27 de marzo de 2012 a las 12:01 a. m.
Hay que darle sentido a la ley

Para cumplir con las leyes nacionales y provinciales que obligan a extender la jornada escolar a seis horas, con plazo hasta 2014, hay que garantizar aulas, organización y recursos. En Córdoba, falta un poco de todo.

Si hablamos de presupuesto a largo plazo, hoy es difícil estimar la inversión que habría que realizar sólo en infraestructura –al margen de salarios docentes– para cumplir con la norma.

El Consejo para la Planificación Estratégica de la Provincia de Córdoba (Copec) calcula que, si se introdujera la jornada extendida a unas 300 escuelas públicas por año, se requeriría una inversión anual de 105 millones de pesos. La Nación, en este caso, debería hacer su aporte.

Al margen de los recursos, lo que falta es información precisa. Hasta ahora no hay evaluación de la aplicación del programa ni datos concretos sobre los beneficios de extender dos horas la jornada escolar. Sí hay impresiones.

Los maestros, en general, aseguran que los chicos “están contentos” y hasta más entusiasmados que con las clases tradicionales. Parece que donde hay espacio, docentes y materiales, funciona.

El problema es que faltan condiciones para que todos puedan aprovechar la iniciativa. Sólo unos datos bastan para ilustrarlo: las escuelas suelen compartir edificio con otras, tienen más de un turno y no hay aulas disponibles.

En el 25 por ciento de las escuelas de jornada extendida, ésta sólo se dicta en sexto grado. En algunos casos no tienen Internet, faltan materiales, mobiliario y hasta docentes de algunas materias.

El caso de Pilar es, quizá, emblemático. Los padres, por elección, envían a sus hijos a un colegio estatal. Es una institución que supo mantener la “fama” de la antigua y prestigiosa escuela pública. Se entiende que no están en contra de más educación ni apuntan a criticar a maestras y directivos.

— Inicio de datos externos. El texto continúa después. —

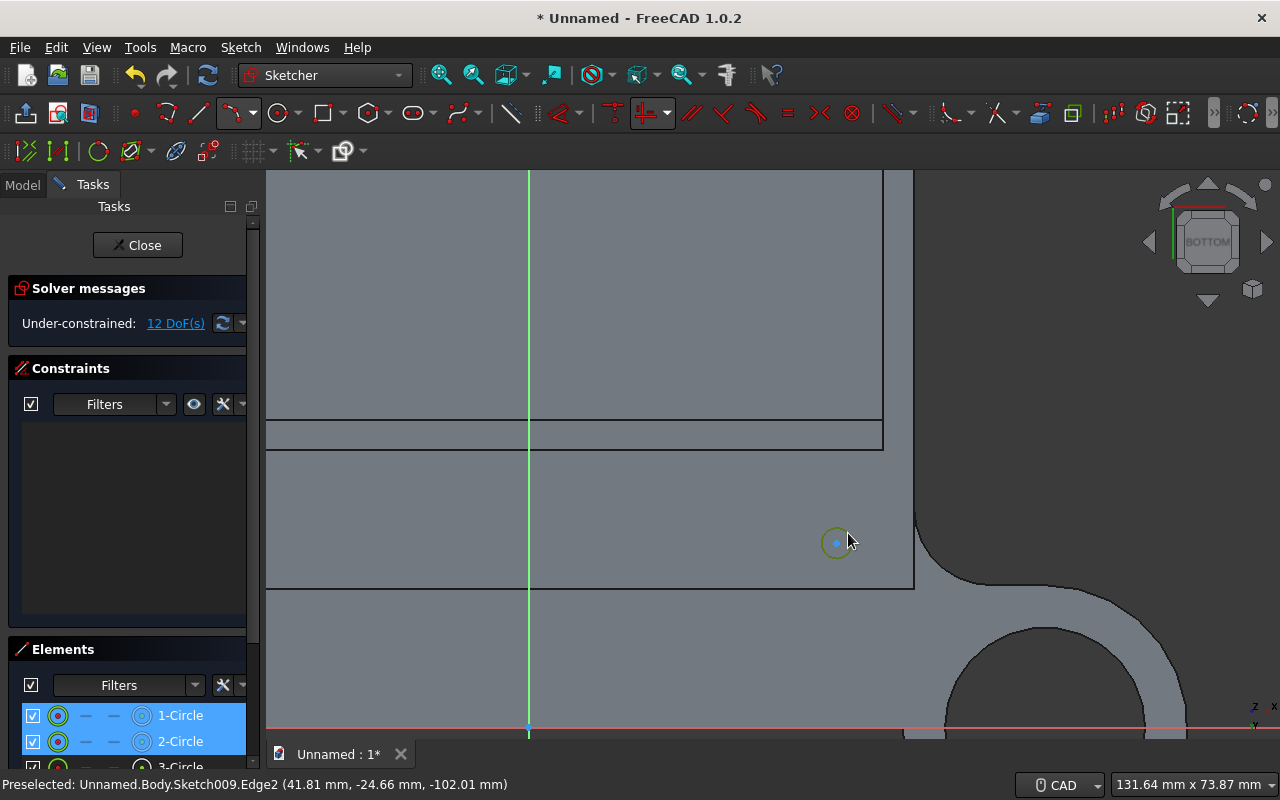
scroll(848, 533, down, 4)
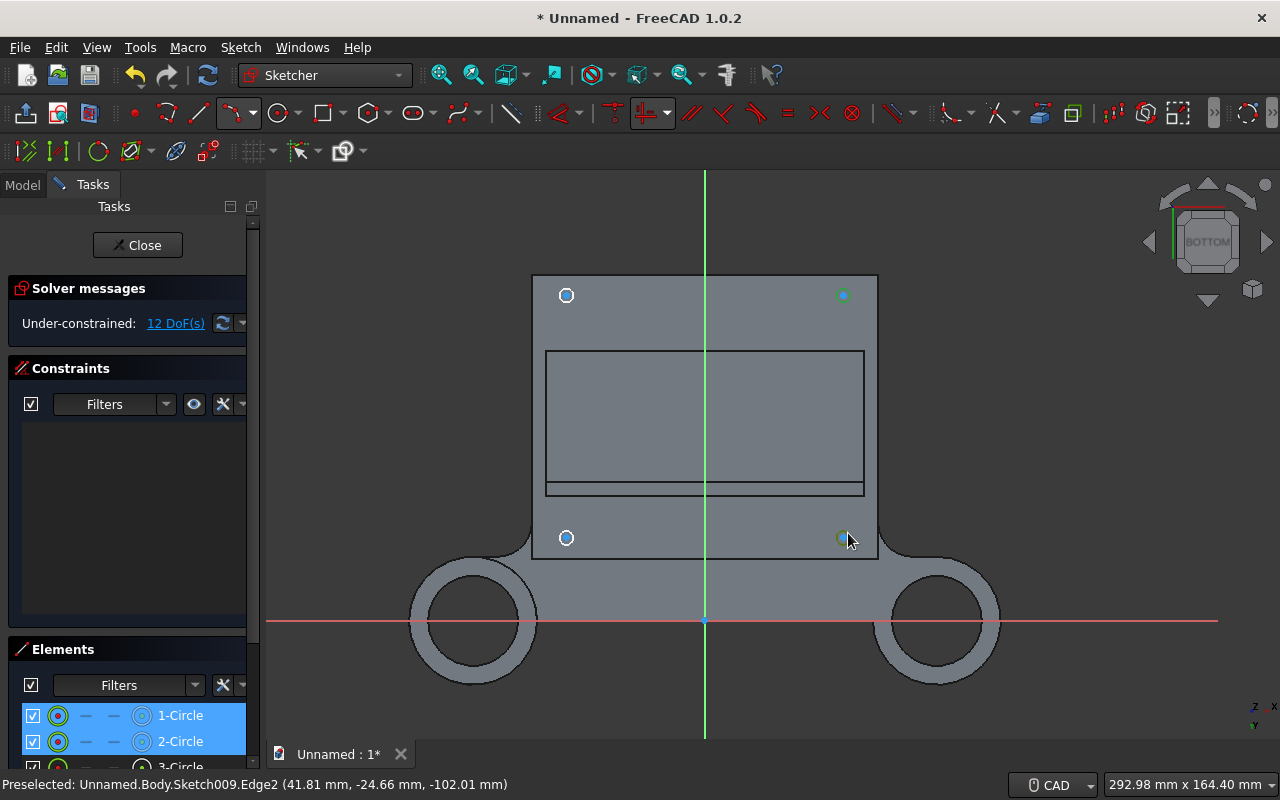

Lo que cuestionan es la improvisación, la falta de proyección y la reticencia de brindar información sobre los proyectos en los que se verán envueltos sus hijos.

La protesta va más allá de la falta de tiempo o de lugar para almorzar. Alzan la voz para decir que el cumplimiento de plazos y leyes cobra sentido cuando los beneficios dejan de ser ideas en papel para ser parte de los niños.